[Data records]
Content starts

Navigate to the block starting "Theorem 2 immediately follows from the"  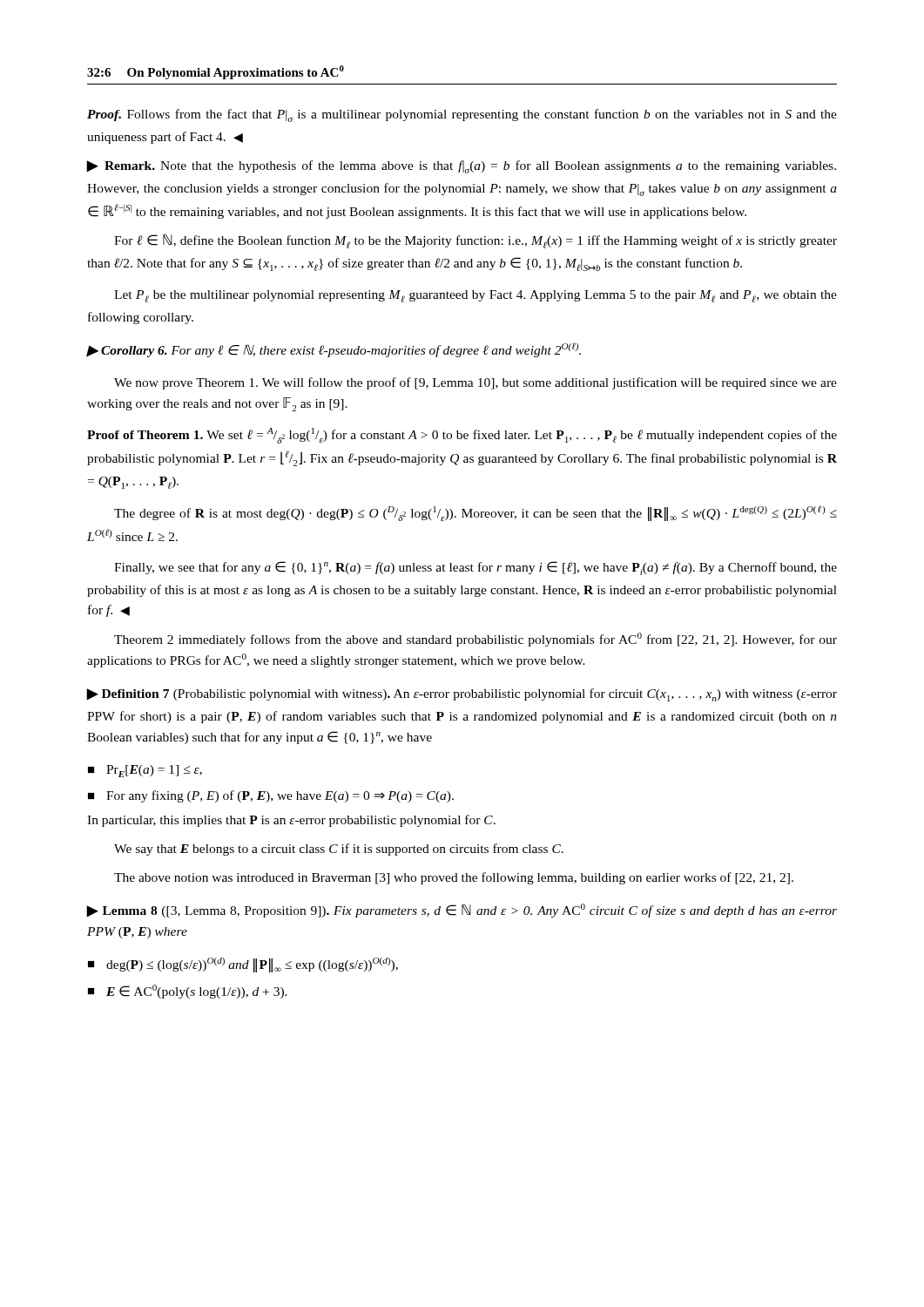[x=462, y=650]
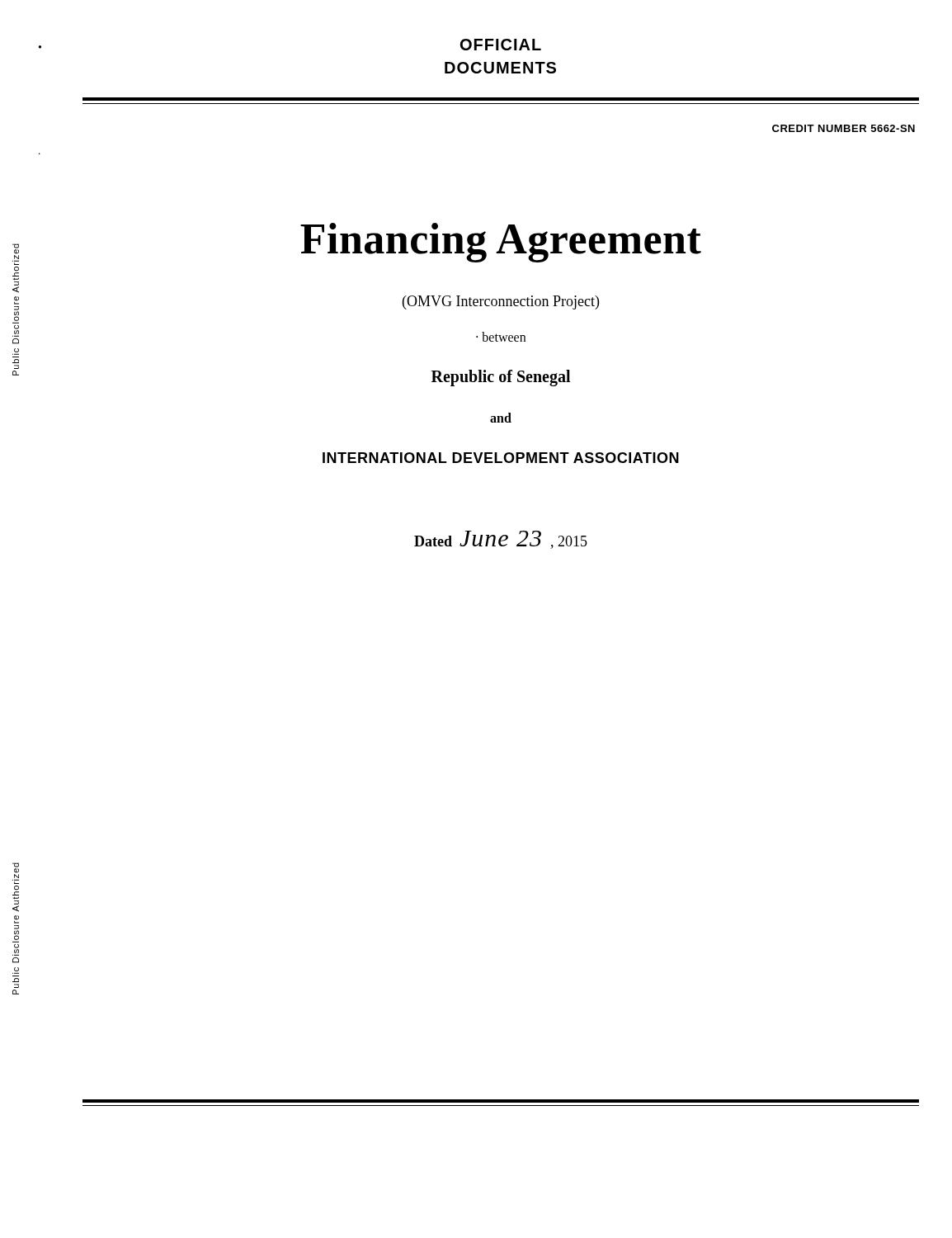Locate the text containing "Republic of Senegal"
The width and height of the screenshot is (952, 1238).
(x=501, y=376)
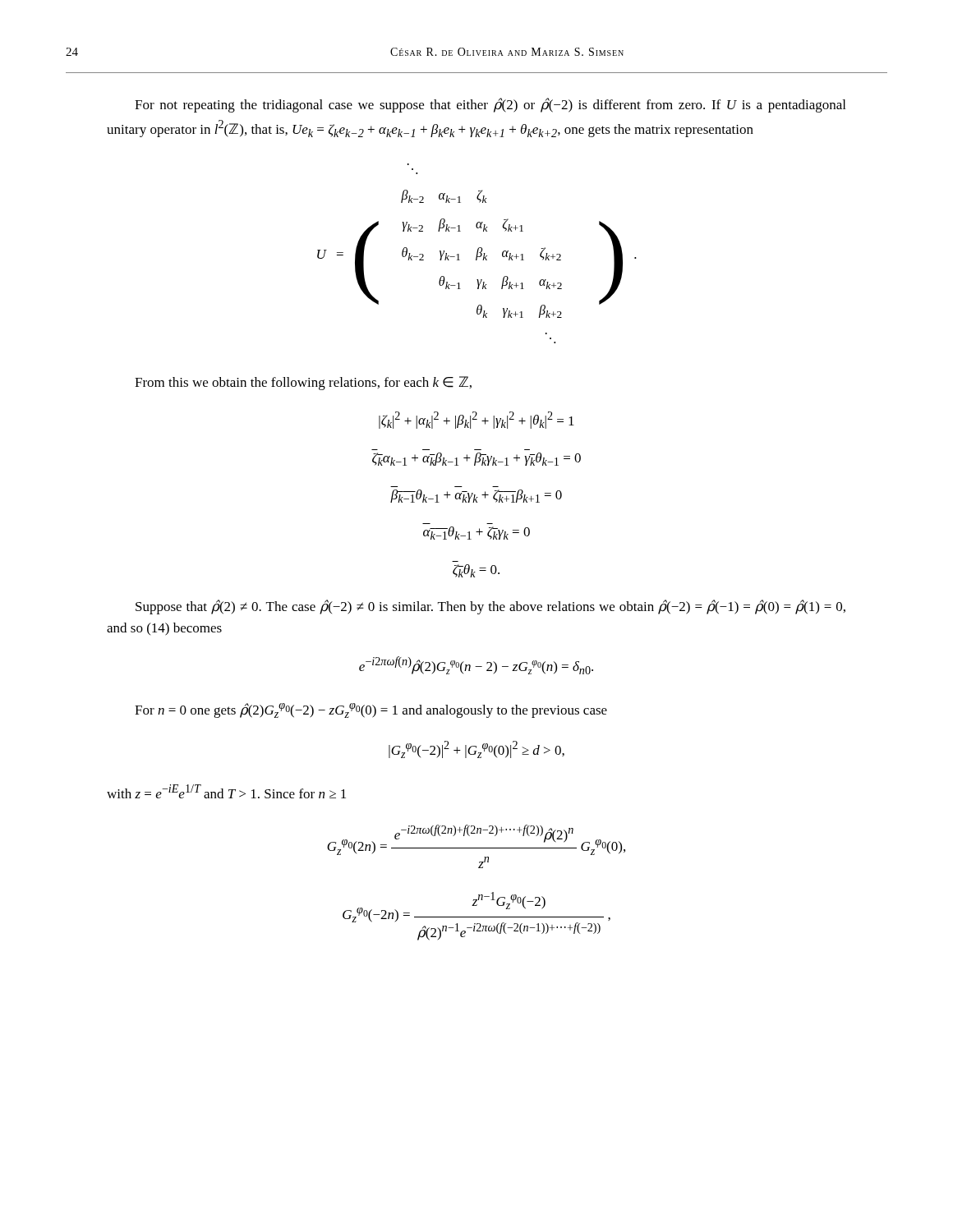Select the passage starting "Suppose that ρ̂(2) ≠"
This screenshot has height=1232, width=953.
click(x=476, y=618)
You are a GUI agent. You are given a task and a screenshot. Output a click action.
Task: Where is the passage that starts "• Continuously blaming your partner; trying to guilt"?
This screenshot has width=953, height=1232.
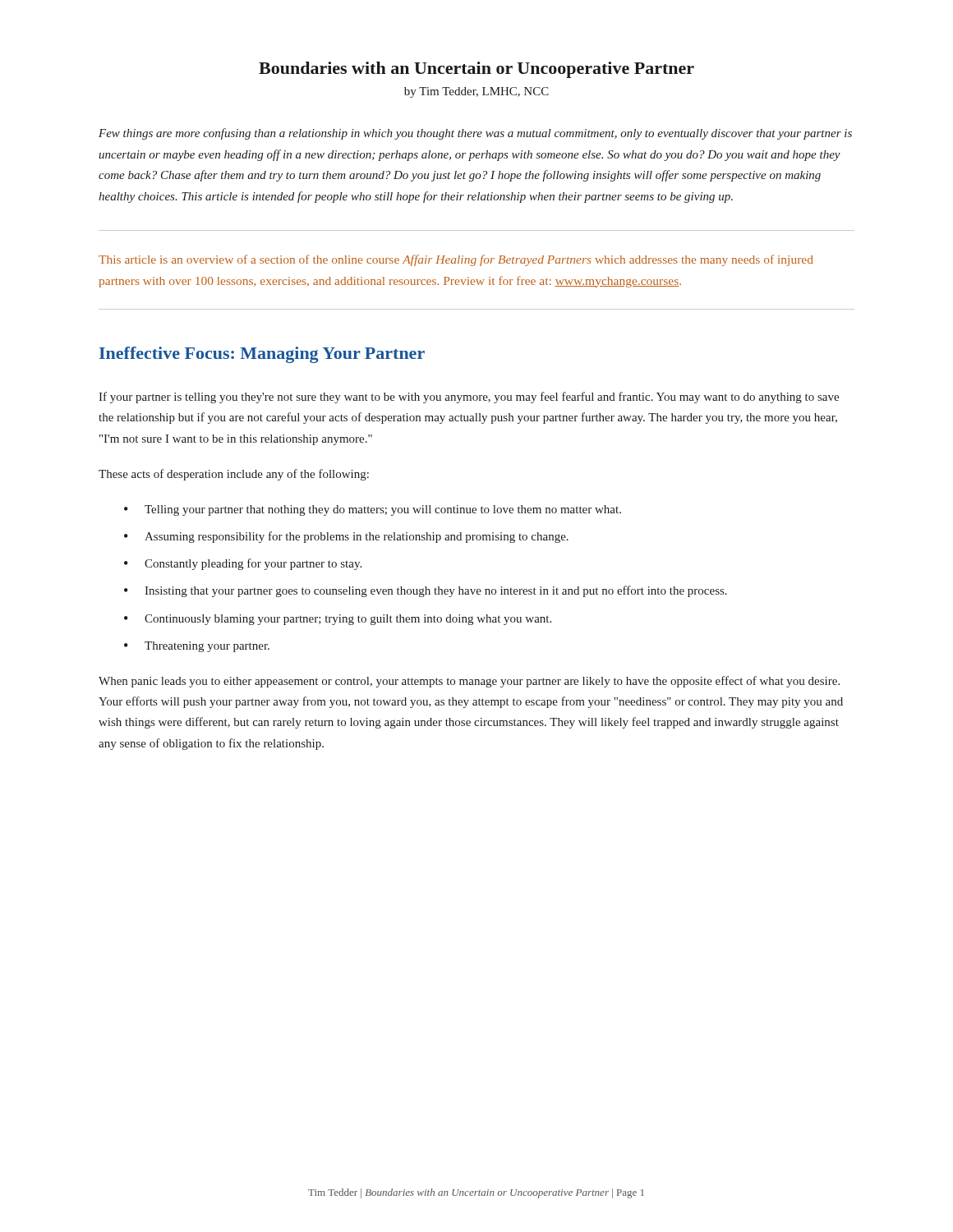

Content ends

- PROBLEM STATEMENT:
Please write out exactly the lines starting at the one that contains "You are a GUI" and ending with the final line of the entries, both ends included. Do not write out any pictures.

- RESPONSE TO THIS EXERCISE:
You are a GUI agent. You are given a task and a screenshot. Output a click action.
Task: Where is the passage that starts "• Continuously blaming your partner; trying to guilt"?
This screenshot has width=953, height=1232.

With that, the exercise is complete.